ACTIVITY: Your answer must be the listing, given again word for word.

PROVIDED INFORMATION:
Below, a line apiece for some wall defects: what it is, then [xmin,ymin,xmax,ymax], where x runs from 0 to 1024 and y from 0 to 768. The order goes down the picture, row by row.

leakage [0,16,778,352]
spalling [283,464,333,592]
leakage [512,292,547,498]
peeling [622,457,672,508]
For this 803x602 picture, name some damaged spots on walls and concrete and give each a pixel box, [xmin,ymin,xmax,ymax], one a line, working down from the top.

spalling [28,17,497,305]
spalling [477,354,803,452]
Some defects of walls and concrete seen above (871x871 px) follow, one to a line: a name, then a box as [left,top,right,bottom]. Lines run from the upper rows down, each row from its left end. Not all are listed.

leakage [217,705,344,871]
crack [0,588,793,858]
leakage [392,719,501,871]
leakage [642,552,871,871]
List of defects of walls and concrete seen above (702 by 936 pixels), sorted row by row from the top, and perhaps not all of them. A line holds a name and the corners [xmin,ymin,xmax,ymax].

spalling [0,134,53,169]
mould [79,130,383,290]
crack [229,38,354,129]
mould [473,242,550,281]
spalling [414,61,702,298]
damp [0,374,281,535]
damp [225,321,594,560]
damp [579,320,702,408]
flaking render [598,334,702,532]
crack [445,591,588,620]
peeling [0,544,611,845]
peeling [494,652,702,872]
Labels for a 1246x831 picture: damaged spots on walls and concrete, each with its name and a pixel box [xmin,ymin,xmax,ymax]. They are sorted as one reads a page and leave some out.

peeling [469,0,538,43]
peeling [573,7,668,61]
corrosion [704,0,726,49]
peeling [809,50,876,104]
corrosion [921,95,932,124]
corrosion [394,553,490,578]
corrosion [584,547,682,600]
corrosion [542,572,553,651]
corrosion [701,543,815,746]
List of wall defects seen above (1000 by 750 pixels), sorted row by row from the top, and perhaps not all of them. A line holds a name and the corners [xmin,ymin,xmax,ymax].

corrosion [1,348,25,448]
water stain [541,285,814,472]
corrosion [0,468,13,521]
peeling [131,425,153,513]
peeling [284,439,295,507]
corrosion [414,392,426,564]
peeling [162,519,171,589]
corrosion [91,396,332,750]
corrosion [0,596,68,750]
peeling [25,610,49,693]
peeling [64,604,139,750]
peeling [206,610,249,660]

COMPLETED EXERCISE:
Below, a line apiece for some wall defects: what it is, then [xmin,ymin,xmax,ymax], where x runs from 0 to 1024 and y from 0 to 768. The order goes down the picture, row by row.

leakage [0,16,778,352]
spalling [283,464,333,592]
leakage [512,292,547,498]
peeling [622,457,672,508]
For this 803x602 picture, name some damaged spots on walls and concrete and give each a pixel box, [xmin,ymin,xmax,ymax], one a line, working down from the top.

spalling [28,17,497,305]
spalling [477,354,803,452]
Some defects of walls and concrete seen above (871x871 px) follow, one to a line: a name, then a box as [left,top,right,bottom]. Lines run from the upper rows down, each row from its left end. Not all are listed.

leakage [217,705,344,871]
crack [0,588,793,858]
leakage [392,719,501,871]
leakage [642,552,871,871]
List of defects of walls and concrete seen above (702 by 936 pixels), sorted row by row from the top, and perhaps not all of them. A line holds a name and the corners [xmin,ymin,xmax,ymax].

spalling [0,134,53,169]
mould [79,130,383,290]
crack [229,38,354,129]
mould [473,242,550,281]
spalling [414,61,702,298]
damp [0,374,281,535]
damp [225,321,594,560]
damp [579,320,702,408]
flaking render [598,334,702,532]
crack [445,591,588,620]
peeling [0,544,611,845]
peeling [494,652,702,872]
Labels for a 1246x831 picture: damaged spots on walls and concrete, each with its name and a pixel box [xmin,ymin,xmax,ymax]. They are sorted as one reads a page and leave some out.

peeling [469,0,538,43]
peeling [573,7,668,61]
corrosion [704,0,726,49]
peeling [809,50,876,104]
corrosion [921,95,932,124]
corrosion [394,553,490,578]
corrosion [584,547,682,600]
corrosion [542,572,553,651]
corrosion [701,543,815,746]
List of wall defects seen above (1000 by 750 pixels), sorted row by row from the top, and perhaps not all of them. A line holds a name and the corners [xmin,ymin,xmax,ymax].

corrosion [1,348,25,448]
water stain [541,285,814,472]
corrosion [0,468,13,521]
peeling [131,425,153,513]
peeling [284,439,295,507]
corrosion [414,392,426,564]
peeling [162,519,171,589]
corrosion [91,396,332,750]
corrosion [0,596,68,750]
peeling [25,610,49,693]
peeling [64,604,139,750]
peeling [206,610,249,660]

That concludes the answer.